They say that sometimes, you have to let go of things—objects, cities, hometowns, gadgets, and friends—when all they do is blow and push at you from in front, causing you to struggle backward on your life path, just as strong gusts of wind blow and push at you from in front, causing you to fall behind, pushing you further and further away from the path you’re on.

Of course, this does not give you the go-ahead to selfishly drop friendships when they stop giving you the benefits you desire. But let’s explore the other end of the spectrum. What if you believe you’ve done everything within your power to draw that friendship back, but the other party involved stays stagnant and immobile with regards to improving the relationship?

Imagine this friendship on a timeline. Both of you have amassed so many years together that it hurts to think about how things once was. They say it is pointless to dwell in the past. But those memories bring you such warm feelings. They bring back endless conversations about everything and anything. They bring back the time when you completed each other’s sentences—the time when your beings were so in sync that words weren’t necessary to understand each other.

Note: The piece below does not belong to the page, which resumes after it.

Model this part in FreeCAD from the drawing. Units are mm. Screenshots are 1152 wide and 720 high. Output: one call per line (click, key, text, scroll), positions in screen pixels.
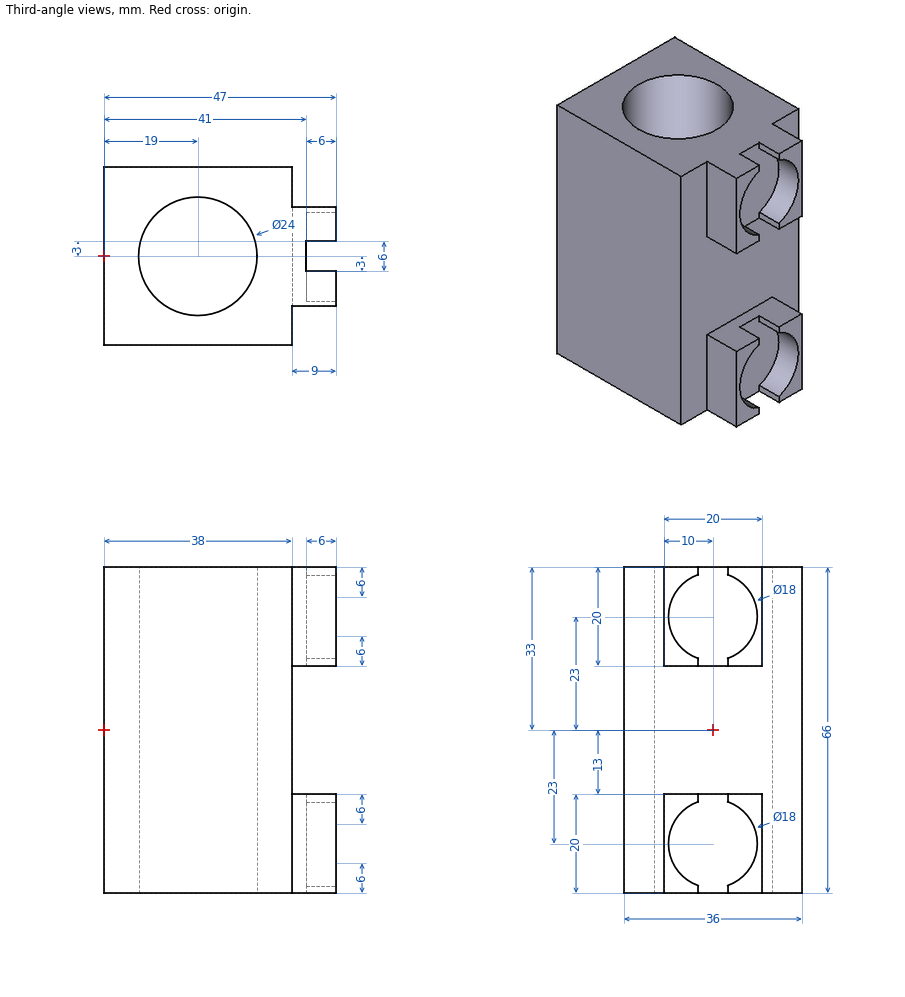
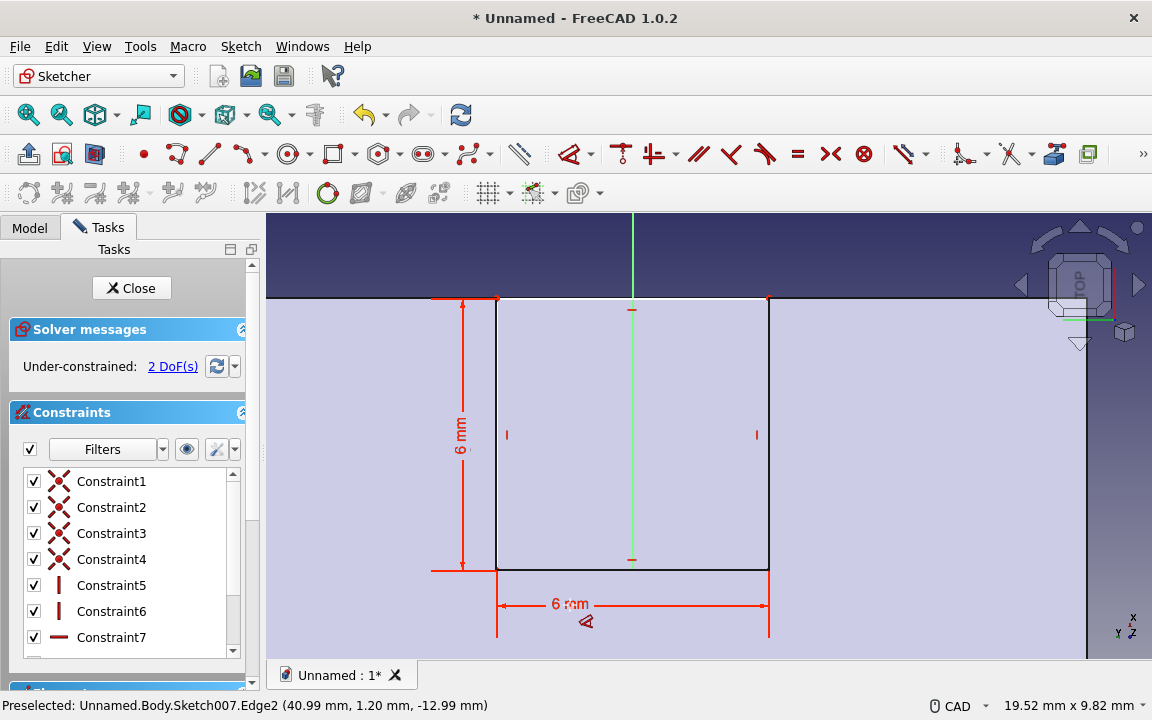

Then reality kicks in. The paths you have chosen now seem to run parallel to each other. Although you pray for them to converge, those differences that only displayed themselves in specs and bits of dust in the past have reared their ugly heads in full-force now. Back then, you knew that the both of you were made differently, but somehow those differences worked to bring you together. You were each other’s better halves. In areas where you were lacking, the other person supplemented, and vice versa.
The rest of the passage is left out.